Oh, and check out here and here for some films I've just added to my must-see list. I just discovered the blog Radon Brainstorm and it's blowing my mind. More Friday amazingness here and here.

Monday, June 14, 2010

Making Electronic Music

Another one of my favorite records. Except this one is also a book. I love it when textbooks come with companion demonstration records -- in this case a double 45. The Scholastic Book and Record series got me hooked on this when I was a little kid. I wish the publishing houses would revive this ancient audio-visual format. I also love the idea of teachers cueing up scratchy vinyl records as learning tools in the classroom. There's something séance-like about everybody leaning in to listen, consulting the same cryptic mechanical oracle. Here is a picture of the accompanying book (click to enlarge). Such a beautiful sleeve and book jacket. The stock institutional graphics, the pageboy hair, the suggestion of an outer space control panel. The book is actually extremely user-friendly considering its subject matter. "You are about to join the growing band of people who are entitled to call themselves electronic musicians," Terence Dwyer writes. There's even a list of necessary supplies: a splicing block, jointing tape, razor blade, coloured leader tape (red, green and white), and yellow chinagraph pencil.

The companion 45s provide fodder to be spliced and manipulated in student exercises described in the book. But they stand quite well as mini-albums in their own right, kind of like Broadcast's Microtronics mini-CDs or a Georges Teperino/Cecil Leuter library record on some obscure French imprint like TVMusic. I'm not sure if it's Dwyer or his students who "realise" these sounds. Whoever it is comes up with four sides worth of surprisingly polished wibbly wobbly concrète miniatures. Check out these two tracks: "Material 17" and "Example O".

And to round out the AV experience here are some photos from the book. How cool are these kids? I love the weird heiroglyphics and captions: "Ready to Go"... "The final preparation in a complex piece".

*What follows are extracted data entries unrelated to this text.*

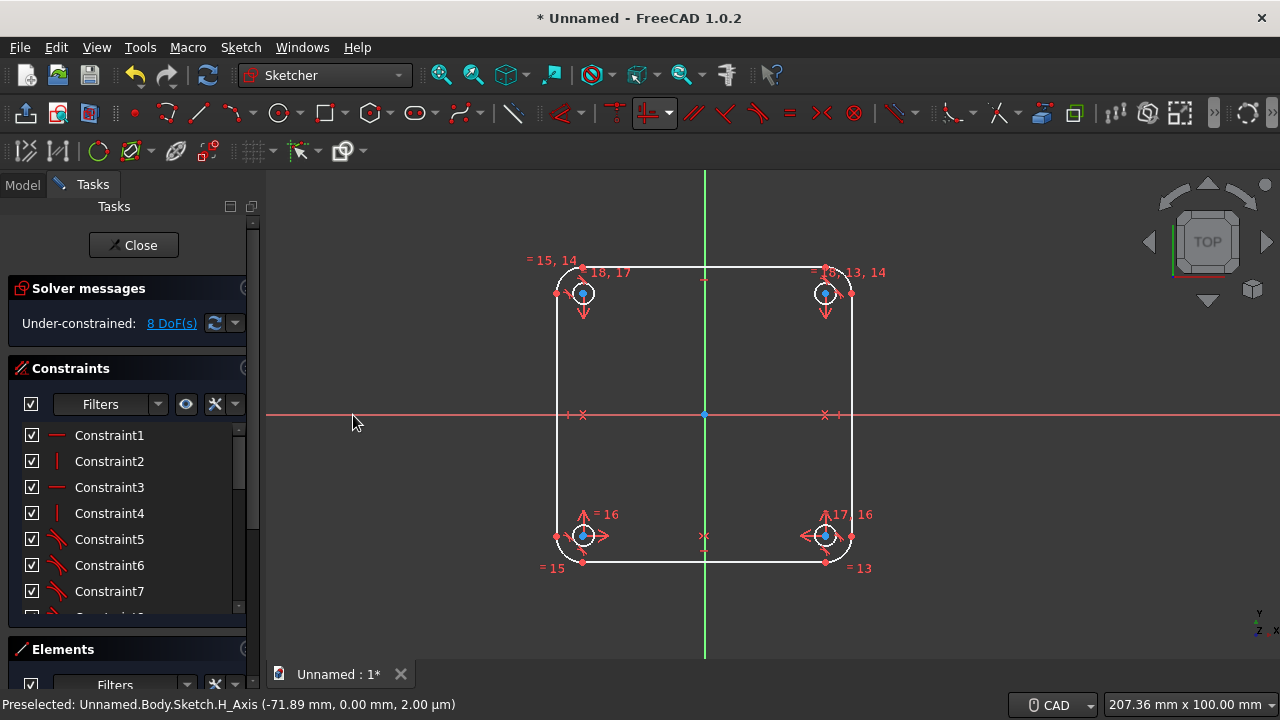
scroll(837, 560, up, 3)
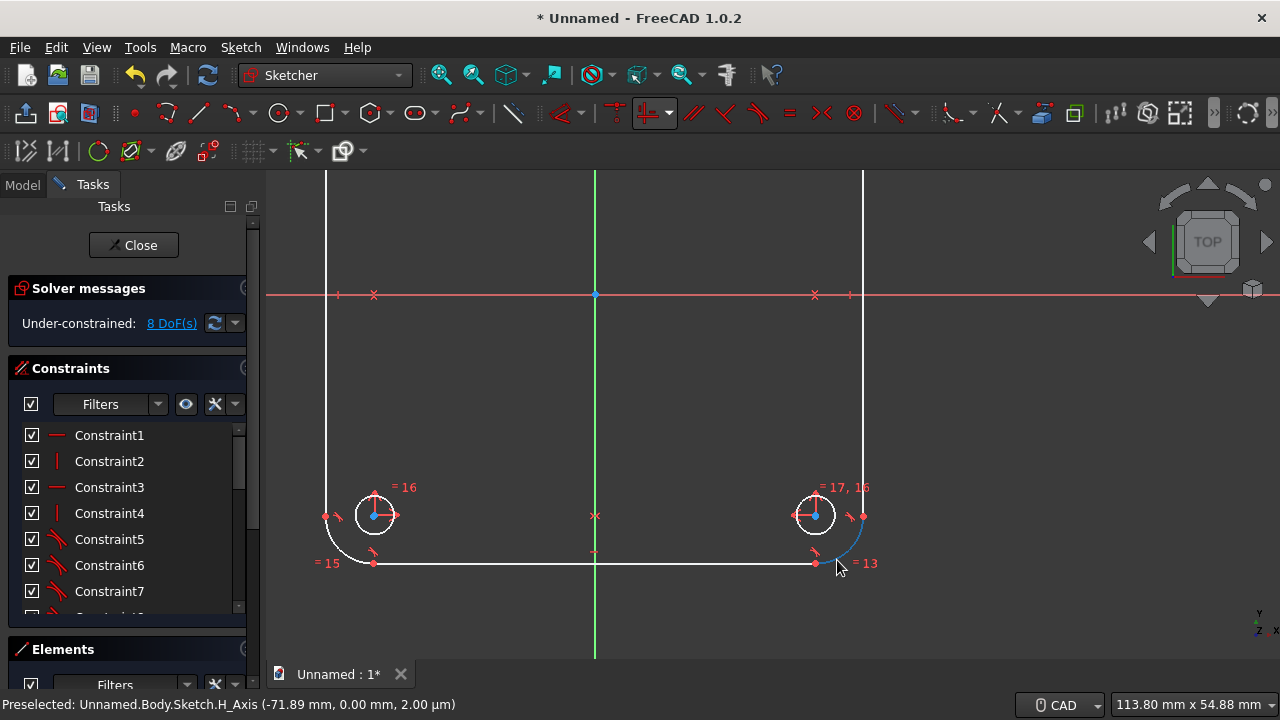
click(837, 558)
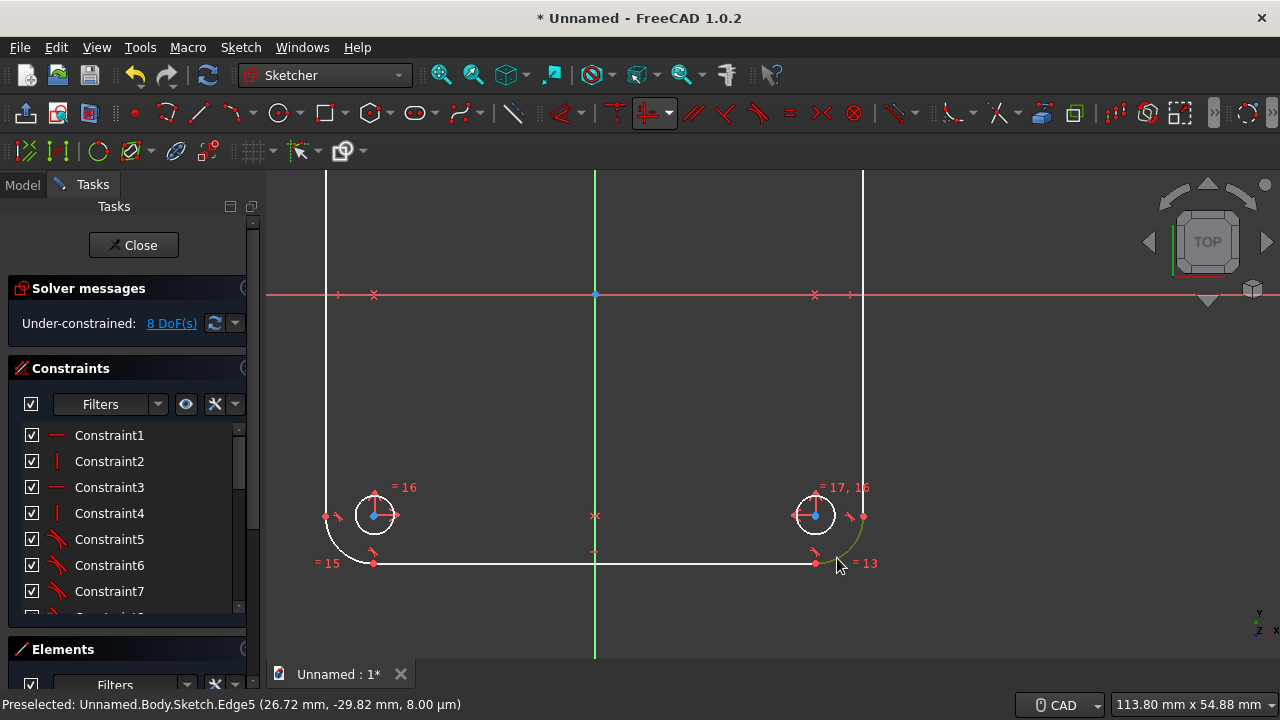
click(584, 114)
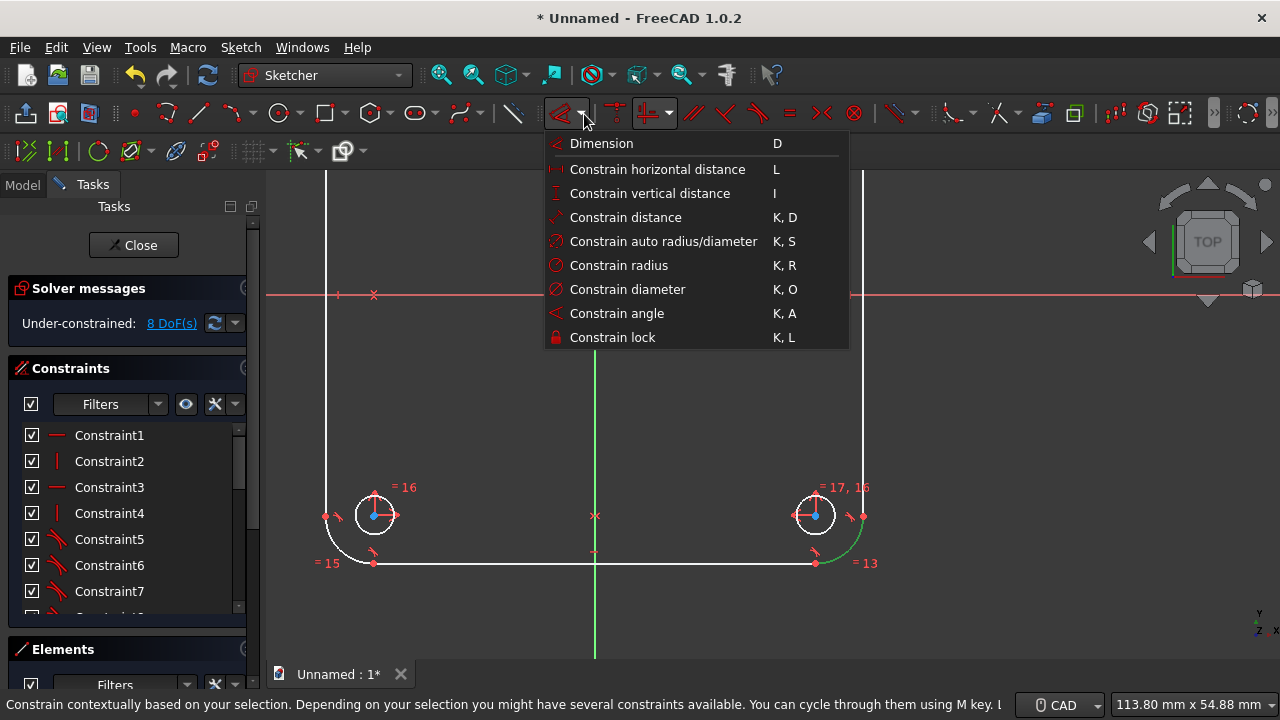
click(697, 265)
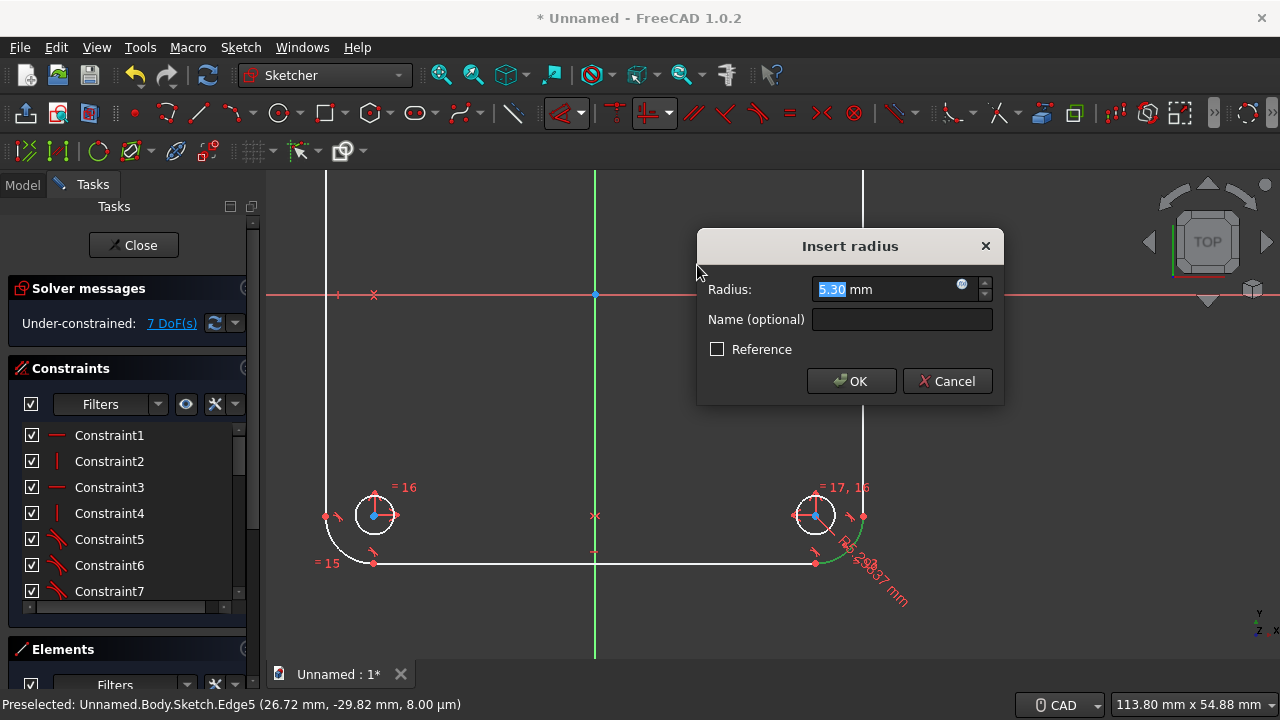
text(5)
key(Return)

Images from Anthony Friedman's new brutalist reworking of Melville's Bartleby in 1970 ("I'd prefer not to..." etc.) Lovely film, and a lovely unreleased score by Roger Webb. John McEnery's Bartleby spends a lot of time wandering around the concrete maze of London, buoyed up by a lazy drum break that gets chopped up and reworked in various patterns. Very simple and flutey and melancholy. Here's my homemade copy of the soundtrack.

Saturday, June 12, 2010

Gen Orange

I've been listening to this creepy Christian folk record. I really don't know what to make of it. Gen Orange were part of the Focolare Movement, an Italy-based inter-faith sect that splintered off from the Roman Catholic church. They are led, or were until recently, by the charismatic and controversial seer Chiara Lubich, whose private visions mapped out the spiritual course of the church. I love the microphone/lawn chair combo in this photo. The more I read about this the more of a Dan Brown novel it all becomes; I feel a bit like Tom Hanks typing this. Some accuse Lubich of brain-washing, etc. Focolare's youth wing is called the "Gen Movement." Every once in a while the gens meet and sing folk songs and eat s'mores (and cut an album?) at the "Mariopolis" festival. New initiates are called "pre-gens" and only advance to "gen" status through some sort of rite of passage. The gens are also coded by color (Gen White, Gen Purple, etc.), but I don't know how this works. Creepy.

The music on this record actually sounds a bit like the folksy indie pop of The Softies or Young Marble Giants. Some nice hand percussion and ham-fisted guitar solos. At other times it goes a bit Wendy & Bonnie-ish. Here are two tracks: "You Found Me" and "Your Silence."